Present threats to Antarctic seabirds and seals when ashore include disturbance and habitat destruction (some directly caused by humans; most through the introduction of rabbits and other grazers; also seal damage to seabird habitats) and serious predation by introduced rats and cats at sub-Antarctic islands. In the marine environment threats are posed by pesticides (widespread but at low levels), pollution (mainly a potential problem associated with oil exploration), incidental takes (trivial now, except perhaps for some albatrosses) and competition with commercial fisheries, which is reviewed in detail. Even in areas where harvesting of fish may be exceeding sustainable yield, predator-prey interaction data are inadequate to assess the level, or significance, of the effect on predators. Present krill harvests are small but likely to increase, especially in favoured areas; species of potential vulnerability are noted. Existing legislation offers excellent protection for wildlife, but formally protected areas by no means cover the major breeding concentrations of seabirds and especially seals in all sectors and zones. There is a need for a comprehensive review, which in some areas will require extensive survey work.

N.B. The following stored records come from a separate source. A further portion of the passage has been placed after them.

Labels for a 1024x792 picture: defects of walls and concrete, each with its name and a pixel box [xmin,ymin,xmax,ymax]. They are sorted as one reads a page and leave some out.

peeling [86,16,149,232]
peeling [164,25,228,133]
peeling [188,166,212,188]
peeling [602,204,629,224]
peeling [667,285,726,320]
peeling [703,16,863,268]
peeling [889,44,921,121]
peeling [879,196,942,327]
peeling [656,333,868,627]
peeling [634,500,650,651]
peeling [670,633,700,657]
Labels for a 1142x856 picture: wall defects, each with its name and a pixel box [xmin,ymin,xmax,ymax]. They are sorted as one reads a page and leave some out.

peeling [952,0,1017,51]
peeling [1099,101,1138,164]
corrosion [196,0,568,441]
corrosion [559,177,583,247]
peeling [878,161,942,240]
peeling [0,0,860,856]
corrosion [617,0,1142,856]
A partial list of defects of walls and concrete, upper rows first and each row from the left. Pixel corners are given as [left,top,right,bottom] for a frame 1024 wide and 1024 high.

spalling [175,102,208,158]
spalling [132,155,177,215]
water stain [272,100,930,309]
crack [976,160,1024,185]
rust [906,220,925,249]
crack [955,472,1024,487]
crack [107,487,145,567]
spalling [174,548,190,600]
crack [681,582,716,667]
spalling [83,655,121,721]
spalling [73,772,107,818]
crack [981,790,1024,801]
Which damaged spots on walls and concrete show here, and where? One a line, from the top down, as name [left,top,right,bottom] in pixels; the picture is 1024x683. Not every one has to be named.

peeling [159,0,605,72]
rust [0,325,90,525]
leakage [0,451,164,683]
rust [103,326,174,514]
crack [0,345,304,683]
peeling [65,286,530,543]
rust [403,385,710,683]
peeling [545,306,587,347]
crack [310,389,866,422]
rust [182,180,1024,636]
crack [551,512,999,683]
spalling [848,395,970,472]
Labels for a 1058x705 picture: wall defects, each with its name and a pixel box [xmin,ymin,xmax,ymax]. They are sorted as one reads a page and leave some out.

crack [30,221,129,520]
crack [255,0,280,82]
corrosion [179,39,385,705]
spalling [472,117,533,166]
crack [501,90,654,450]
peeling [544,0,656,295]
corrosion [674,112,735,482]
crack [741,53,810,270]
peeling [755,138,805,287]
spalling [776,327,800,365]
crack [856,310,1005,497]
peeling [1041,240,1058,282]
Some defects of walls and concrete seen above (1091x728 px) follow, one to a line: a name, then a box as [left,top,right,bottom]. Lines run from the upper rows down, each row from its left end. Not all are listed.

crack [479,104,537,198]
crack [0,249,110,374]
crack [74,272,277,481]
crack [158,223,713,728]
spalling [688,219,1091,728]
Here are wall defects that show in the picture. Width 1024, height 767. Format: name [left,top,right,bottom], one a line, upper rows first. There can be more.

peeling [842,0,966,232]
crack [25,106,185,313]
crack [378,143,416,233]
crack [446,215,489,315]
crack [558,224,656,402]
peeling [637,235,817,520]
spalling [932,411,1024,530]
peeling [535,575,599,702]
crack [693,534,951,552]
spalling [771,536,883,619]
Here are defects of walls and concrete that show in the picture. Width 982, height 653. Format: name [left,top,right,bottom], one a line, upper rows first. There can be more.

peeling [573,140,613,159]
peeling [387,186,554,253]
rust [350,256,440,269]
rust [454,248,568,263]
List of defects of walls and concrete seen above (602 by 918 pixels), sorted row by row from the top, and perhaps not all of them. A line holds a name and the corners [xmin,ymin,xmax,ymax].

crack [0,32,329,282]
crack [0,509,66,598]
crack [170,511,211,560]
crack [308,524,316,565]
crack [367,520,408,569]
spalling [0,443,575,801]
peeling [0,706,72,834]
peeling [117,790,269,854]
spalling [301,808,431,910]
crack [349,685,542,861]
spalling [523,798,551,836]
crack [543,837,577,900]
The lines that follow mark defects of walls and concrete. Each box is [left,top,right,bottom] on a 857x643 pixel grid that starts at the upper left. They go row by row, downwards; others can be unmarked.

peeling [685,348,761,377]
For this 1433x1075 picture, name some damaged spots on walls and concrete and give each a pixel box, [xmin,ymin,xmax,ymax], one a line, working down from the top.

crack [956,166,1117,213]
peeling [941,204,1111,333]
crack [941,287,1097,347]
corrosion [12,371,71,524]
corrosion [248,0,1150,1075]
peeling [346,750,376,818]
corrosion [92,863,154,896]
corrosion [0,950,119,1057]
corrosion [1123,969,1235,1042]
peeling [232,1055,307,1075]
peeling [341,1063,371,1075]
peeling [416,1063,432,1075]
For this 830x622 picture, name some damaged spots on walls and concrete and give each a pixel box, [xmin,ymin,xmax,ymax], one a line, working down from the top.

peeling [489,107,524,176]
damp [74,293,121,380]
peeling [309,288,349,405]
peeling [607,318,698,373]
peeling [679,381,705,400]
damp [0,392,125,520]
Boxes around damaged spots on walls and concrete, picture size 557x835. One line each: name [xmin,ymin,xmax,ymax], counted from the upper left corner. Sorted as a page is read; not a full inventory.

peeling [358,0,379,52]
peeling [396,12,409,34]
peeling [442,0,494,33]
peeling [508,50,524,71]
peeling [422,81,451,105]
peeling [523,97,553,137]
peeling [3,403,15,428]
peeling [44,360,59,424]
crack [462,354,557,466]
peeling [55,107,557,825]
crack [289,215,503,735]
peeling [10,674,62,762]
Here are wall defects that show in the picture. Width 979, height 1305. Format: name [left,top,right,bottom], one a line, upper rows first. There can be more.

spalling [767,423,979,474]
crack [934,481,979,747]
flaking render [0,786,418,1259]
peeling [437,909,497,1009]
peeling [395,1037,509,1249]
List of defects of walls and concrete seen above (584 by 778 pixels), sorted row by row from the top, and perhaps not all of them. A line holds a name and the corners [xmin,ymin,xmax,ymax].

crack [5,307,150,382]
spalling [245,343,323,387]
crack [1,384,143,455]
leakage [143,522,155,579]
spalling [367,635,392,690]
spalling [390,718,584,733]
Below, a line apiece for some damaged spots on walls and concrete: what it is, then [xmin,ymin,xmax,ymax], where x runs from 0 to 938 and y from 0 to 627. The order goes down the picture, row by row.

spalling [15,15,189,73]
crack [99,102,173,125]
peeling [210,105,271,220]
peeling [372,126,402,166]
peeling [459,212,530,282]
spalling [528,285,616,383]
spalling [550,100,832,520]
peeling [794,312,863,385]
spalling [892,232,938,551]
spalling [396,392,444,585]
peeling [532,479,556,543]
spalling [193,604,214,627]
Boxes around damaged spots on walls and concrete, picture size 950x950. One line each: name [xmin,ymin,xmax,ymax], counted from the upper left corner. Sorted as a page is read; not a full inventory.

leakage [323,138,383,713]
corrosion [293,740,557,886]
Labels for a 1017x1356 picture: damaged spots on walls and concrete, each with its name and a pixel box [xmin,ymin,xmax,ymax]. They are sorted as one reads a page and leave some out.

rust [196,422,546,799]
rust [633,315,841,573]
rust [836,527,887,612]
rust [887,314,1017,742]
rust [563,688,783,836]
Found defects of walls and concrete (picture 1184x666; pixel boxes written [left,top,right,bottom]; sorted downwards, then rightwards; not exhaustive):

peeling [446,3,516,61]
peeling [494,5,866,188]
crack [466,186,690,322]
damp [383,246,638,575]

Programmes for the control and elimination of alien predators need proper planning and major support. Marine reserves may be of limited benefit to pelagic seals and seabirds, and further research in some key areas is needed. Realistic environmental impact assessments will require more detailed information on predator distribution and movements than is available now; appropriate surveys and research need starting. Sensitive management of marine fisheries is difficult with the present level of quantitative data on predator-prey interactions (though this is better than in many other pelagic systems). Difficulties in monitoring aspects of predator biology as indices of the state of prey stocks are reviewed.